Information provided:
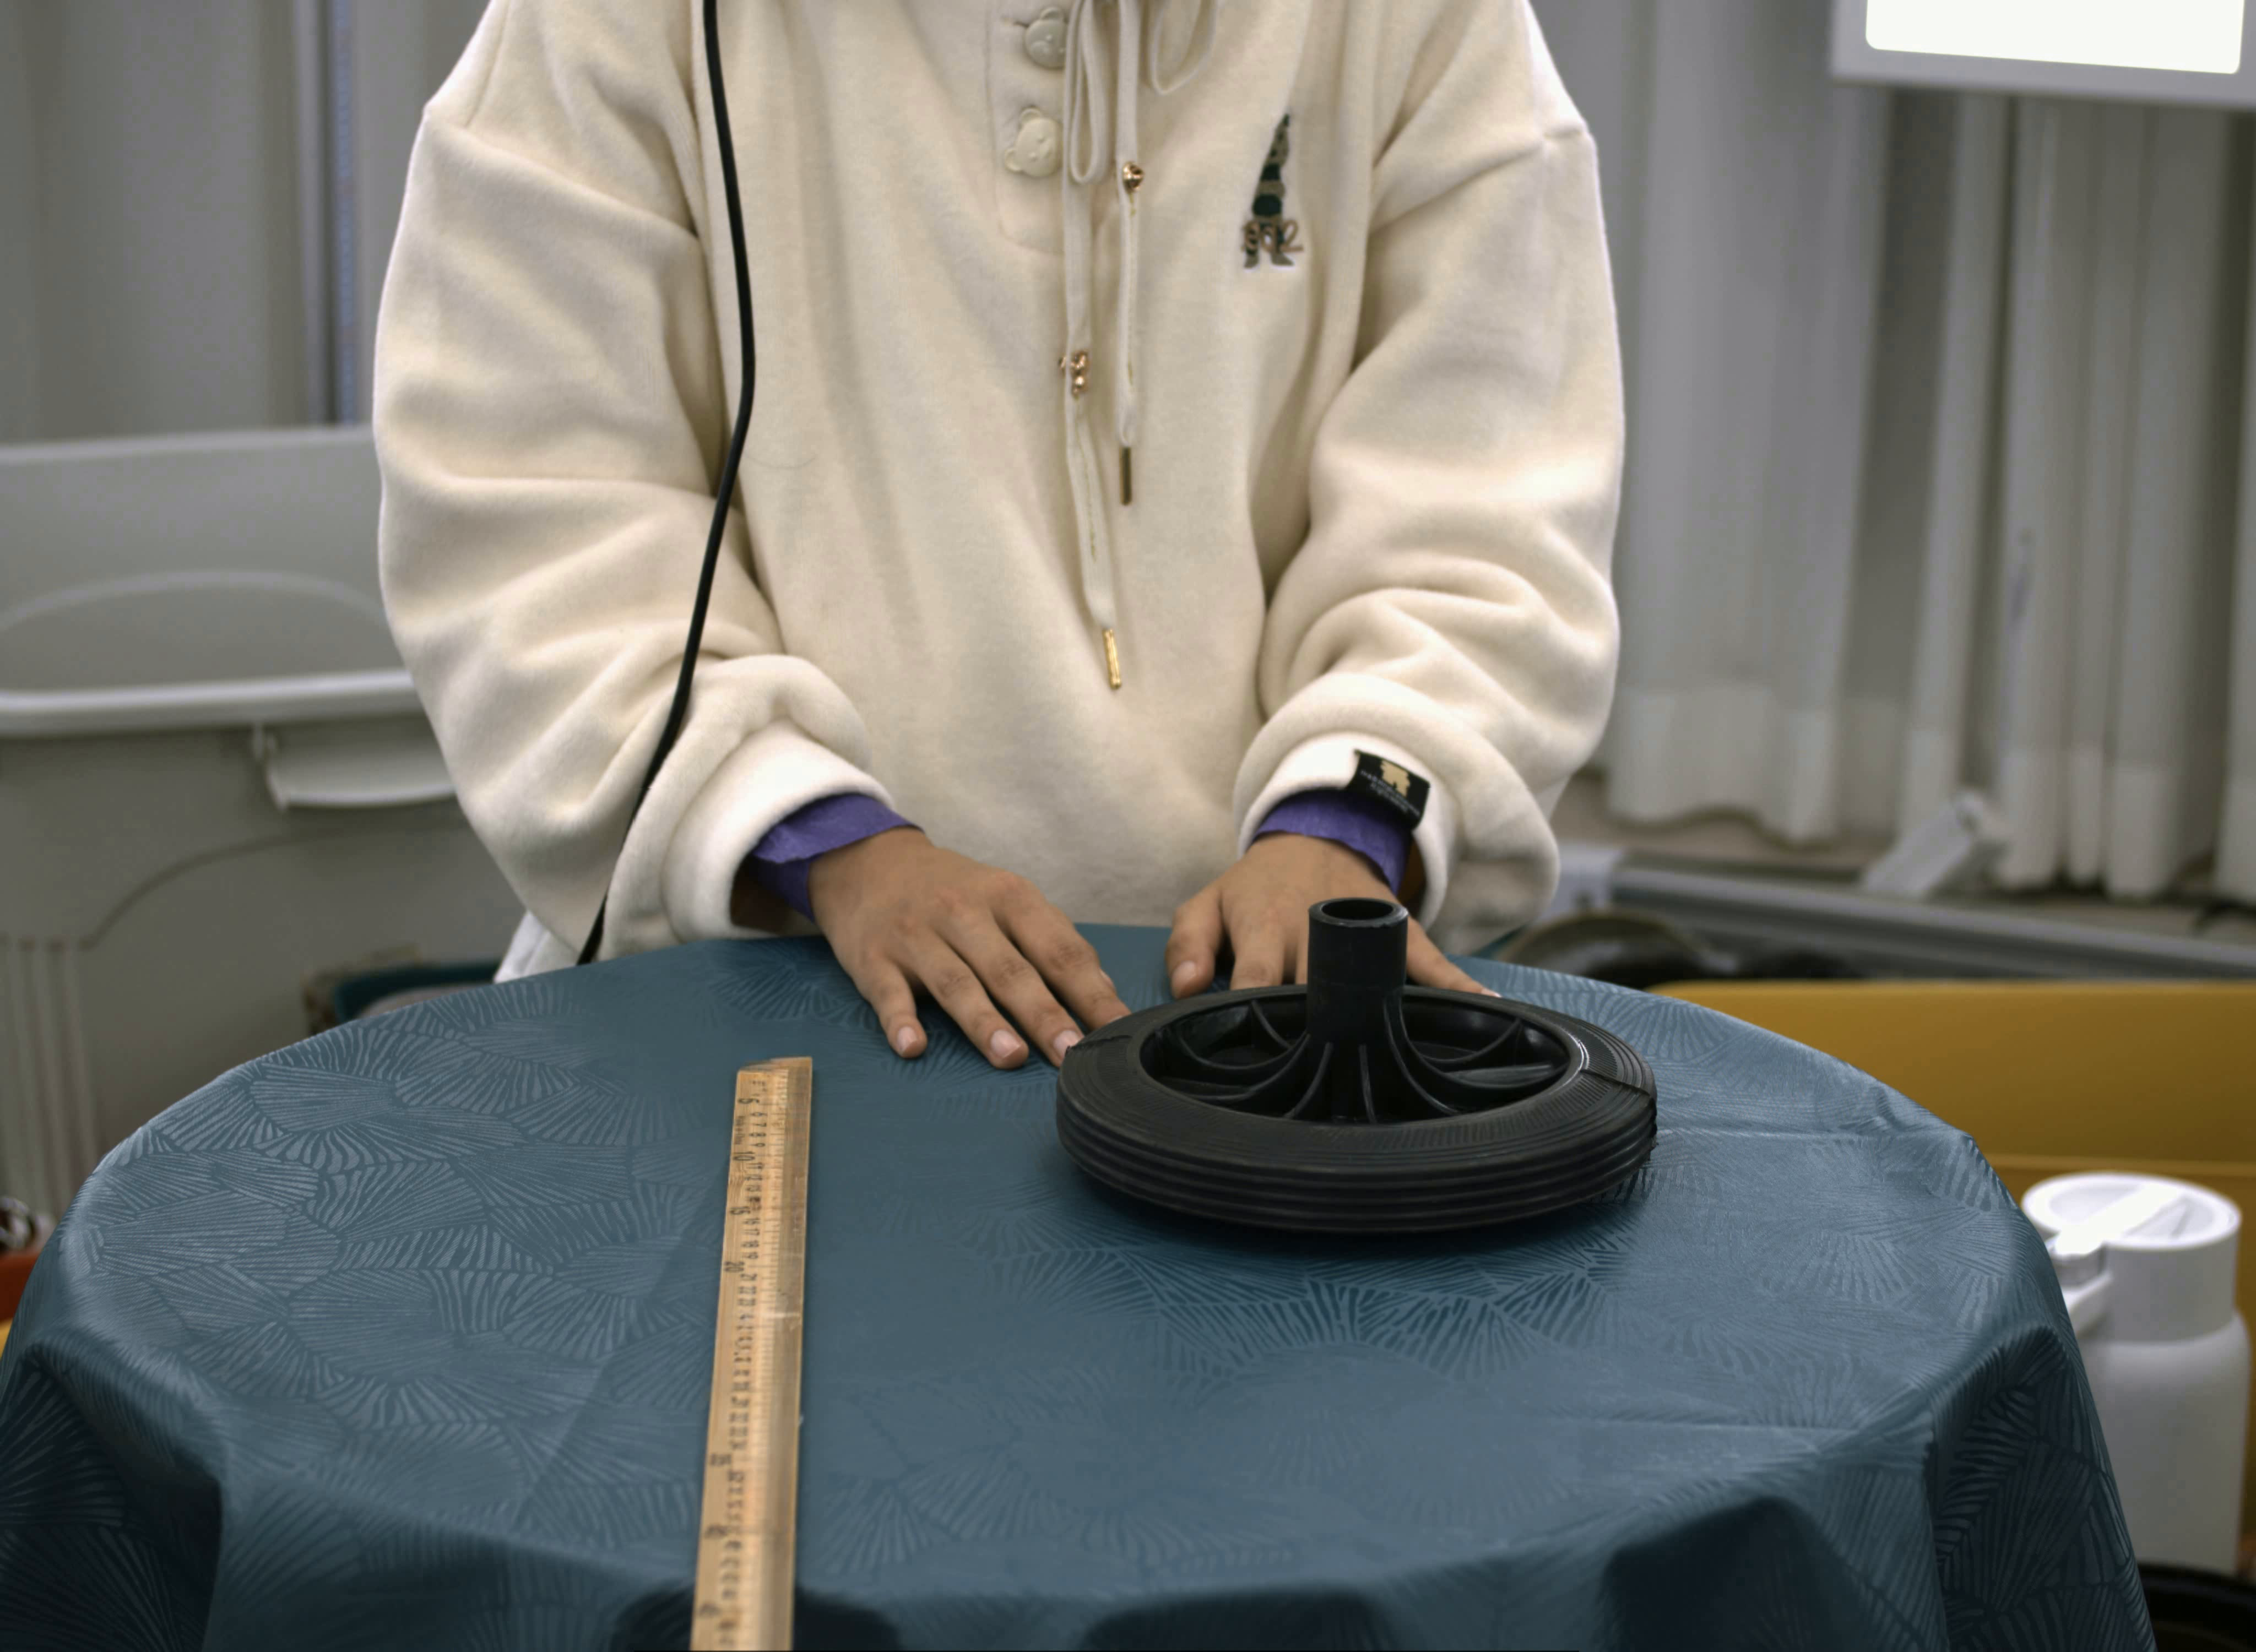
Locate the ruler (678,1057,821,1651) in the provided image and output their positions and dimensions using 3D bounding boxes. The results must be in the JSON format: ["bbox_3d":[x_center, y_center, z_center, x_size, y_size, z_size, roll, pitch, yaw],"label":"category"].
[{"bbox_3d":[-0.105,0.144,1.494,0.027,0.006,0.497,-1,15,-2],"label":"ruler"}]

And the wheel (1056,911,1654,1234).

Assignment: Nothing but an exact copy of the data above, minus its pictures, should appear in the response.

Output of the exercise:
Locate the ruler (678,1057,821,1651) in the provided image and output their positions and dimensions using 3D bounding boxes. The results must be in the JSON format: ["bbox_3d":[x_center, y_center, z_center, x_size, y_size, z_size, roll, pitch, yaw],"label":"category"].
[{"bbox_3d":[-0.105,0.144,1.494,0.027,0.006,0.497,-1,15,-2],"label":"ruler"}]

And the wheel (1056,911,1654,1234).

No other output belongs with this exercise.